Task instructions:
Using the material below, copy every line where "from" appears.

▼

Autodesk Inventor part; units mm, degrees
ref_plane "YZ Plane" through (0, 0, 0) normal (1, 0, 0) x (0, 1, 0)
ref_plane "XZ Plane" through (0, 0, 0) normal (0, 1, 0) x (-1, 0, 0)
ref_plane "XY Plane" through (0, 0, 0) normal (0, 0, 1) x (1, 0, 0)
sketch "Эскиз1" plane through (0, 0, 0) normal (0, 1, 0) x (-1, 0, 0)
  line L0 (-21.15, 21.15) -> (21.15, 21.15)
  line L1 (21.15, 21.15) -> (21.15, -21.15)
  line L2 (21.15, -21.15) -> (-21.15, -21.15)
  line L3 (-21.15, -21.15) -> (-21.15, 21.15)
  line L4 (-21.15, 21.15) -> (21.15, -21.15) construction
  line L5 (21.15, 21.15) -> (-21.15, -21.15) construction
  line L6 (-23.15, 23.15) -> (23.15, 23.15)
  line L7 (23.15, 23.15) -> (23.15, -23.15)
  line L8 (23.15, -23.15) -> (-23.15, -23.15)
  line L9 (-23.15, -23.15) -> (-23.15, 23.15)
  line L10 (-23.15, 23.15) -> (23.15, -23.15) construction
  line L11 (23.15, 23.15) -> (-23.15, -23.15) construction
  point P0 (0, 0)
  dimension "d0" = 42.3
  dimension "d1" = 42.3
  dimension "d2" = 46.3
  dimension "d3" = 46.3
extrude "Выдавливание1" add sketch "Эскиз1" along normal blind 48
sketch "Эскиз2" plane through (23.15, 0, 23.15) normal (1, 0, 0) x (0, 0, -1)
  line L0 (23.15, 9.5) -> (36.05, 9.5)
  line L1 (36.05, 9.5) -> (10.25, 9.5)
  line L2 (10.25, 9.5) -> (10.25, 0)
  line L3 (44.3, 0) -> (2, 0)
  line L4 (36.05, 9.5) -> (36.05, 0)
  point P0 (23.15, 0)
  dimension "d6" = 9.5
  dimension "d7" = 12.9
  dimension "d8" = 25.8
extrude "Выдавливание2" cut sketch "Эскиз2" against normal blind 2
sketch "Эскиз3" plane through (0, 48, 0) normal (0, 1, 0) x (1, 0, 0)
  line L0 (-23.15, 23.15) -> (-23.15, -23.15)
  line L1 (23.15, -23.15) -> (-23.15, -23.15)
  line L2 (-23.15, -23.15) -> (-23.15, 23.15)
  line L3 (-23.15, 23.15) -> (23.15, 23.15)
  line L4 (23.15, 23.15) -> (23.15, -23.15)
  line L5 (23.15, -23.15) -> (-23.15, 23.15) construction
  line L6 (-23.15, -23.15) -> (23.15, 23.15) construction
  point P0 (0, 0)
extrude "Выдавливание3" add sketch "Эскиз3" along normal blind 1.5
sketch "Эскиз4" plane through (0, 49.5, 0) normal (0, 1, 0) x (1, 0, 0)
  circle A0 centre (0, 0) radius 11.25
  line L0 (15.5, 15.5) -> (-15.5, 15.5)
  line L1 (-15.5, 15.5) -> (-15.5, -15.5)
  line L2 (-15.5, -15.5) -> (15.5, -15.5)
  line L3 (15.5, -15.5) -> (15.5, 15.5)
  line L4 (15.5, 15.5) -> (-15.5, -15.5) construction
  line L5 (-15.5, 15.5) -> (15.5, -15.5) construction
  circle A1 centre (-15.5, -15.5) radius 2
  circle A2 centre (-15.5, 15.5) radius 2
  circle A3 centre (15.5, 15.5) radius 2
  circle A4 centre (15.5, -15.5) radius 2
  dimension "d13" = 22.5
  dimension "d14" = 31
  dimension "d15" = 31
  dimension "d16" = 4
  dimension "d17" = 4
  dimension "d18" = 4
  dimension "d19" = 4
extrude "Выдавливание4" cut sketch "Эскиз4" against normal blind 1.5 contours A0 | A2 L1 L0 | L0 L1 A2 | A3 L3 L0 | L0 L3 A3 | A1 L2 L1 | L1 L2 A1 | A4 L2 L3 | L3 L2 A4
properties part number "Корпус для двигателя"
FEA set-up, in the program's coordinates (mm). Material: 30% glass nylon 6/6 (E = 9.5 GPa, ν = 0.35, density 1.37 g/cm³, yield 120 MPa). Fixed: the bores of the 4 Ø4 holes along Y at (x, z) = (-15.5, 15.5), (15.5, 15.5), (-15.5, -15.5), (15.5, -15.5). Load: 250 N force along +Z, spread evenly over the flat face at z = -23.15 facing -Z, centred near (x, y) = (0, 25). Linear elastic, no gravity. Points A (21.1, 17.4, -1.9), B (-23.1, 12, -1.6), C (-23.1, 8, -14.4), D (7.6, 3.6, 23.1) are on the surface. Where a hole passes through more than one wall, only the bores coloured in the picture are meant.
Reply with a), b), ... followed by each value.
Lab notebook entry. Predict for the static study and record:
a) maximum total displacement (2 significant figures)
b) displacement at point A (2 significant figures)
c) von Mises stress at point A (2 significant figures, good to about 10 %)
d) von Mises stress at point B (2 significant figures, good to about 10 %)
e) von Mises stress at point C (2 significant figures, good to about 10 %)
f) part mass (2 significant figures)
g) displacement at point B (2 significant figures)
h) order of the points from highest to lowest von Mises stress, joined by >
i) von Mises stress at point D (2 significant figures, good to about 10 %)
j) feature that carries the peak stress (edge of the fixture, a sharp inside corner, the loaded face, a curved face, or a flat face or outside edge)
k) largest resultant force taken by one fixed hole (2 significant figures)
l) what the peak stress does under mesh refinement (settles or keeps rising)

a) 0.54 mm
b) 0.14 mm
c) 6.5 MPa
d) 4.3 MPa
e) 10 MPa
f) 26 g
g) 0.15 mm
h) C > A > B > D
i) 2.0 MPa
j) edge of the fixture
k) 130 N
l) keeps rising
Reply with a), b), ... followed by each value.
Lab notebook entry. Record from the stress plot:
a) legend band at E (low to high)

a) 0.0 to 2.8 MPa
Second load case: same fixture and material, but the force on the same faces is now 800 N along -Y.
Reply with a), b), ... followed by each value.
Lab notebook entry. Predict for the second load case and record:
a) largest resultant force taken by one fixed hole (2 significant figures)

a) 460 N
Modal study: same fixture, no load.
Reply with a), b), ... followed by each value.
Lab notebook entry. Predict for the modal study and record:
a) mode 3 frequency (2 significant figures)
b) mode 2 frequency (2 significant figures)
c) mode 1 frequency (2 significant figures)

▲

Result:
h) order of the points from highest to lowest von Mises stress, joined by >
Lab notebook entry. Record from the stress plot:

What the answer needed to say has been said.